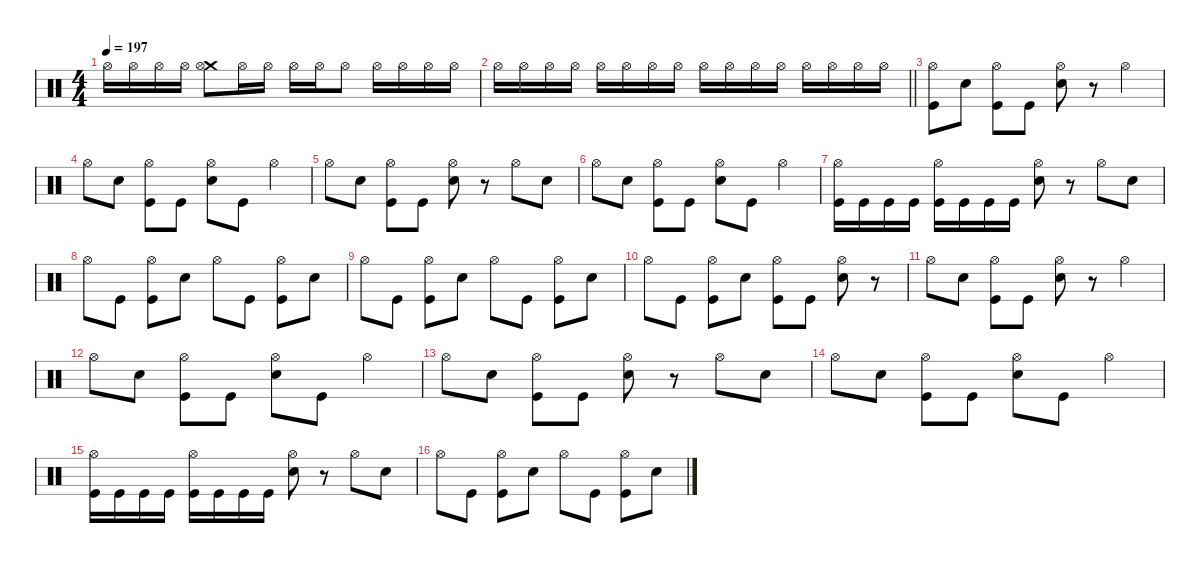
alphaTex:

\defaultSystemsLayout 4
\hideDynamics
\bracketExtendMode nobrackets
\singleTrackTrackNamePolicy hidden
\multiTrackTrackNamePolicy hidden
\firstSystemTrackNameMode fullname
\firstSystemTrackNameOrientation horizontal
\otherSystemsTrackNameOrientation horizontal
\track ("Drums" "drm.") {defaultSystemsLayout 4 instrument percussion}
\staff {score}
\articulation defaults
\ts (4 4)
\tempo 197
\clef neutral
\ks c "Hi-Hat (open)".16{dy mp beam Down} "Hi-Hat (open)".16{beam Down} "Hi-Hat (open)".16{beam Down} "Hi-Hat (open)".16{beam Down}
("Crash medium (hit)" "Hi-Hat (open)").8{beam Down} "Hi-Hat (open)".16{beam Down} "Hi-Hat (open)".16{beam Down} "Hi-Hat (open)".16{beam Down} "Hi-Hat (open)".16{beam Down} "Hi-Hat (open)".8{beam Down} "Hi-Hat (open)".16{beam Down} "Hi-Hat (open)".16{beam Down} "Hi-Hat (open)".16{beam Down} "Hi-Hat (open)".16{beam Down} |
\barLineRight lightlight "Hi-Hat (open)".16{beam Down} "Hi-Hat (open)".16{beam Down} "Hi-Hat (open)".16{beam Down} "Hi-Hat (open)".16{beam Down} "Hi-Hat (open)".16{beam Down} "Hi-Hat (open)".16{beam Down} "Hi-Hat (open)".16{beam Down} "Hi-Hat (open)".16{beam Down} "Hi-Hat (open)".16{dy mf beam Down} "Hi-Hat (open)".16{beam Down} "Hi-Hat (open)".16{beam Down} "Hi-Hat (open)".16{beam Down} "Hi-Hat (open)".16{dy f beam Down} "Hi-Hat (open)".16{beam Down} "Hi-Hat (open)".16{beam Down} "Hi-Hat (open)".16{dy ff beam Down}
|
("Hi-Hat (open)" "Kick (hit)").8{dy mf beam Down} "Snare (hit) 2".8{dy f beam Down} ("Hi-Hat (open)" "Kick (hit)").8{dy mf beam Down} "Kick (hit)".8{dy f beam Down} ("Hi-Hat (open)" "Snare (hit) 2").8{dy mf beam Down} r.8{beam Down} "Hi-Hat (open)".4{beam Down} |
"Hi-Hat (open)".8{beam Down} "Snare (hit) 2".8{dy f beam Down} ("Hi-Hat (open)" "Kick (hit)").8{dy mf beam Down} "Kick (hit)".8{dy f beam Down} ("Hi-Hat (open)" "Snare (hit) 2").8{dy mf beam Down} "Kick (hit)".8{dy f beam Down} "Hi-Hat (open)".4{dy mf beam Down} |
"Hi-Hat (open)".8{beam Down} "Snare (hit) 2".8{dy f beam Down} ("Hi-Hat (open)" "Kick (hit)").8{dy mf beam Down} "Kick (hit)".8{dy f beam Down} ("Hi-Hat (open)" "Snare (hit) 2").8{dy mf beam Down} r.8{beam Down} "Hi-Hat (open)".8{beam Down} "Snare (hit) 2".8{dy f beam Down} |
"Hi-Hat (open)".8{dy mf beam Down} "Snare (hit) 2".8{dy f beam Down} ("Hi-Hat (open)" "Kick (hit)").8{dy mf beam Down} "Kick (hit)".8{dy f beam Down} ("Hi-Hat (open)" "Snare (hit) 2").8{dy mf beam Down} "Kick (hit)".8{dy f beam Down} "Hi-Hat (open)".4{dy mf beam Down} |
("Hi-Hat (open)" "Kick (hit)").16{beam Down} "Kick (hit)".16{dy f beam Down} "Kick (hit)".16{beam Down} "Kick (hit)".16{beam Down} ("Hi-Hat (open)" "Kick (hit)").16{dy mf beam Down} "Kick (hit)".16{dy f beam Down} "Kick (hit)".16{beam Down} "Kick (hit)".16{beam Down} ("Hi-Hat (open)" "Snare (hit) 2").8{dy mf beam Down} r.8{beam Down} "Hi-Hat (open)".8{beam Down} "Snare (hit) 2".8{dy f beam Down} |
"Hi-Hat (open)".8{dy mf beam Down} "Kick (hit)".8{dy f beam Down} ("Hi-Hat (open)" "Kick (hit)").8{dy mf beam Down} "Snare (hit) 2".8{dy f beam Down} "Hi-Hat (open)".8{dy mf beam Down} "Kick (hit)".8{dy f beam Down} ("Hi-Hat (open)" "Kick (hit)").8{dy mf beam Down} "Snare (hit) 2".8{dy f beam Down} |
"Hi-Hat (open)".8{dy mf beam Down} "Kick (hit)".8{dy f beam Down} ("Hi-Hat (open)" "Kick (hit)").8{dy mf beam Down} "Snare (hit) 2".8{dy f beam Down} "Hi-Hat (open)".8{dy mf beam Down} "Kick (hit)".8{dy f beam Down} ("Hi-Hat (open)" "Kick (hit)").8{dy mf beam Down} "Snare (hit) 2".8{dy f beam Down} |
"Hi-Hat (open)".8{dy mf beam Down} "Kick (hit)".8{dy f beam Down} ("Hi-Hat (open)" "Kick (hit)").8{dy mf beam Down} "Snare (hit) 2".8{dy f beam Down} ("Hi-Hat (open)" "Kick (hit)").8{dy mf beam Down} "Kick (hit)".8{dy f beam Down} ("Hi-Hat (open)" "Snare (hit) 2").8{dy mf beam Down} r.8{beam Down} |
"Hi-Hat (open)".8{beam Down} "Snare (hit) 2".8{dy f beam Down} ("Hi-Hat (open)" "Kick (hit)").8{dy mf beam Down} "Kick (hit)".8{dy f beam Down} ("Hi-Hat (open)" "Snare (hit) 2").8{dy mf beam Down} r.8{beam Down} "Hi-Hat (open)".4{beam Down} |
"Hi-Hat (open)".8{beam Down} "Snare (hit) 2".8{dy f beam Down} ("Hi-Hat (open)" "Kick (hit)").8{dy mf beam Down} "Kick (hit)".8{dy f beam Down} ("Hi-Hat (open)" "Snare (hit) 2").8{dy mf beam Down} "Kick (hit)".8{dy f beam Down} "Hi-Hat (open)".4{dy mf beam Down} |
"Hi-Hat (open)".8{beam Down} "Snare (hit) 2".8{dy f beam Down} ("Hi-Hat (open)" "Kick (hit)").8{dy mf beam Down} "Kick (hit)".8{dy f beam Down} ("Hi-Hat (open)" "Snare (hit) 2").8{dy mf beam Down} r.8{beam Down} "Hi-Hat (open)".8{beam Down} "Snare (hit) 2".8{dy f beam Down} |
"Hi-Hat (open)".8{dy mf beam Down} "Snare (hit) 2".8{dy f beam Down} ("Hi-Hat (open)" "Kick (hit)").8{dy mf beam Down} "Kick (hit)".8{dy f beam Down} ("Hi-Hat (open)" "Snare (hit) 2").8{dy mf beam Down} "Kick (hit)".8{dy f beam Down} "Hi-Hat (open)".4{dy mf beam Down} |
("Hi-Hat (open)" "Kick (hit)").16{beam Down} "Kick (hit)".16{dy f beam Down} "Kick (hit)".16{beam Down} "Kick (hit)".16{beam Down} ("Hi-Hat (open)" "Kick (hit)").16{dy mf beam Down} "Kick (hit)".16{dy f beam Down} "Kick (hit)".16{beam Down} "Kick (hit)".16{beam Down} ("Hi-Hat (open)" "Snare (hit) 2").8{dy mf beam Down} r.8{beam Down} "Hi-Hat (open)".8{beam Down} "Snare (hit) 2".8{dy f beam Down} |
"Hi-Hat (open)".8{dy mf beam Down} "Kick (hit)".8{dy f beam Down} ("Hi-Hat (open)" "Kick (hit)").8{dy mf beam Down} "Snare (hit) 2".8{dy f beam Down} "Hi-Hat (open)".8{dy mf beam Down} "Kick (hit)".8{dy f beam Down} ("Hi-Hat (open)" "Kick (hit)").8{dy mf beam Down} "Snare (hit) 2".8{dy f beam Down}

Work instructions: Retype everything in the entries exactly except the pictures.

The completed task:
alphaTex:

\defaultSystemsLayout 4
\hideDynamics
\bracketExtendMode nobrackets
\singleTrackTrackNamePolicy hidden
\multiTrackTrackNamePolicy hidden
\firstSystemTrackNameMode fullname
\firstSystemTrackNameOrientation horizontal
\otherSystemsTrackNameOrientation horizontal
\track ("Drums" "drm.") {defaultSystemsLayout 4 instrument percussion}
\staff {score}
\articulation defaults
\ts (4 4)
\tempo 197
\clef neutral
\ks c "Hi-Hat (open)".16{dy mp beam Down} "Hi-Hat (open)".16{beam Down} "Hi-Hat (open)".16{beam Down} "Hi-Hat (open)".16{beam Down}
("Crash medium (hit)" "Hi-Hat (open)").8{beam Down} "Hi-Hat (open)".16{beam Down} "Hi-Hat (open)".16{beam Down} "Hi-Hat (open)".16{beam Down} "Hi-Hat (open)".16{beam Down} "Hi-Hat (open)".8{beam Down} "Hi-Hat (open)".16{beam Down} "Hi-Hat (open)".16{beam Down} "Hi-Hat (open)".16{beam Down} "Hi-Hat (open)".16{beam Down} |
\barLineRight lightlight "Hi-Hat (open)".16{beam Down} "Hi-Hat (open)".16{beam Down} "Hi-Hat (open)".16{beam Down} "Hi-Hat (open)".16{beam Down} "Hi-Hat (open)".16{beam Down} "Hi-Hat (open)".16{beam Down} "Hi-Hat (open)".16{beam Down} "Hi-Hat (open)".16{beam Down} "Hi-Hat (open)".16{dy mf beam Down} "Hi-Hat (open)".16{beam Down} "Hi-Hat (open)".16{beam Down} "Hi-Hat (open)".16{beam Down} "Hi-Hat (open)".16{dy f beam Down} "Hi-Hat (open)".16{beam Down} "Hi-Hat (open)".16{beam Down} "Hi-Hat (open)".16{dy ff beam Down}
|
("Hi-Hat (open)" "Kick (hit)").8{dy mf beam Down} "Snare (hit) 2".8{dy f beam Down} ("Hi-Hat (open)" "Kick (hit)").8{dy mf beam Down} "Kick (hit)".8{dy f beam Down} ("Hi-Hat (open)" "Snare (hit) 2").8{dy mf beam Down} r.8{beam Down} "Hi-Hat (open)".4{beam Down} |
"Hi-Hat (open)".8{beam Down} "Snare (hit) 2".8{dy f beam Down} ("Hi-Hat (open)" "Kick (hit)").8{dy mf beam Down} "Kick (hit)".8{dy f beam Down} ("Hi-Hat (open)" "Snare (hit) 2").8{dy mf beam Down} "Kick (hit)".8{dy f beam Down} "Hi-Hat (open)".4{dy mf beam Down} |
"Hi-Hat (open)".8{beam Down} "Snare (hit) 2".8{dy f beam Down} ("Hi-Hat (open)" "Kick (hit)").8{dy mf beam Down} "Kick (hit)".8{dy f beam Down} ("Hi-Hat (open)" "Snare (hit) 2").8{dy mf beam Down} r.8{beam Down} "Hi-Hat (open)".8{beam Down} "Snare (hit) 2".8{dy f beam Down} |
"Hi-Hat (open)".8{dy mf beam Down} "Snare (hit) 2".8{dy f beam Down} ("Hi-Hat (open)" "Kick (hit)").8{dy mf beam Down} "Kick (hit)".8{dy f beam Down} ("Hi-Hat (open)" "Snare (hit) 2").8{dy mf beam Down} "Kick (hit)".8{dy f beam Down} "Hi-Hat (open)".4{dy mf beam Down} |
("Hi-Hat (open)" "Kick (hit)").16{beam Down} "Kick (hit)".16{dy f beam Down} "Kick (hit)".16{beam Down} "Kick (hit)".16{beam Down} ("Hi-Hat (open)" "Kick (hit)").16{dy mf beam Down} "Kick (hit)".16{dy f beam Down} "Kick (hit)".16{beam Down} "Kick (hit)".16{beam Down} ("Hi-Hat (open)" "Snare (hit) 2").8{dy mf beam Down} r.8{beam Down} "Hi-Hat (open)".8{beam Down} "Snare (hit) 2".8{dy f beam Down} |
"Hi-Hat (open)".8{dy mf beam Down} "Kick (hit)".8{dy f beam Down} ("Hi-Hat (open)" "Kick (hit)").8{dy mf beam Down} "Snare (hit) 2".8{dy f beam Down} "Hi-Hat (open)".8{dy mf beam Down} "Kick (hit)".8{dy f beam Down} ("Hi-Hat (open)" "Kick (hit)").8{dy mf beam Down} "Snare (hit) 2".8{dy f beam Down} |
"Hi-Hat (open)".8{dy mf beam Down} "Kick (hit)".8{dy f beam Down} ("Hi-Hat (open)" "Kick (hit)").8{dy mf beam Down} "Snare (hit) 2".8{dy f beam Down} "Hi-Hat (open)".8{dy mf beam Down} "Kick (hit)".8{dy f beam Down} ("Hi-Hat (open)" "Kick (hit)").8{dy mf beam Down} "Snare (hit) 2".8{dy f beam Down} |
"Hi-Hat (open)".8{dy mf beam Down} "Kick (hit)".8{dy f beam Down} ("Hi-Hat (open)" "Kick (hit)").8{dy mf beam Down} "Snare (hit) 2".8{dy f beam Down} ("Hi-Hat (open)" "Kick (hit)").8{dy mf beam Down} "Kick (hit)".8{dy f beam Down} ("Hi-Hat (open)" "Snare (hit) 2").8{dy mf beam Down} r.8{beam Down} |
"Hi-Hat (open)".8{beam Down} "Snare (hit) 2".8{dy f beam Down} ("Hi-Hat (open)" "Kick (hit)").8{dy mf beam Down} "Kick (hit)".8{dy f beam Down} ("Hi-Hat (open)" "Snare (hit) 2").8{dy mf beam Down} r.8{beam Down} "Hi-Hat (open)".4{beam Down} |
"Hi-Hat (open)".8{beam Down} "Snare (hit) 2".8{dy f beam Down} ("Hi-Hat (open)" "Kick (hit)").8{dy mf beam Down} "Kick (hit)".8{dy f beam Down} ("Hi-Hat (open)" "Snare (hit) 2").8{dy mf beam Down} "Kick (hit)".8{dy f beam Down} "Hi-Hat (open)".4{dy mf beam Down} |
"Hi-Hat (open)".8{beam Down} "Snare (hit) 2".8{dy f beam Down} ("Hi-Hat (open)" "Kick (hit)").8{dy mf beam Down} "Kick (hit)".8{dy f beam Down} ("Hi-Hat (open)" "Snare (hit) 2").8{dy mf beam Down} r.8{beam Down} "Hi-Hat (open)".8{beam Down} "Snare (hit) 2".8{dy f beam Down} |
"Hi-Hat (open)".8{dy mf beam Down} "Snare (hit) 2".8{dy f beam Down} ("Hi-Hat (open)" "Kick (hit)").8{dy mf beam Down} "Kick (hit)".8{dy f beam Down} ("Hi-Hat (open)" "Snare (hit) 2").8{dy mf beam Down} "Kick (hit)".8{dy f beam Down} "Hi-Hat (open)".4{dy mf beam Down} |
("Hi-Hat (open)" "Kick (hit)").16{beam Down} "Kick (hit)".16{dy f beam Down} "Kick (hit)".16{beam Down} "Kick (hit)".16{beam Down} ("Hi-Hat (open)" "Kick (hit)").16{dy mf beam Down} "Kick (hit)".16{dy f beam Down} "Kick (hit)".16{beam Down} "Kick (hit)".16{beam Down} ("Hi-Hat (open)" "Snare (hit) 2").8{dy mf beam Down} r.8{beam Down} "Hi-Hat (open)".8{beam Down} "Snare (hit) 2".8{dy f beam Down} |
"Hi-Hat (open)".8{dy mf beam Down} "Kick (hit)".8{dy f beam Down} ("Hi-Hat (open)" "Kick (hit)").8{dy mf beam Down} "Snare (hit) 2".8{dy f beam Down} "Hi-Hat (open)".8{dy mf beam Down} "Kick (hit)".8{dy f beam Down} ("Hi-Hat (open)" "Kick (hit)").8{dy mf beam Down} "Snare (hit) 2".8{dy f beam Down}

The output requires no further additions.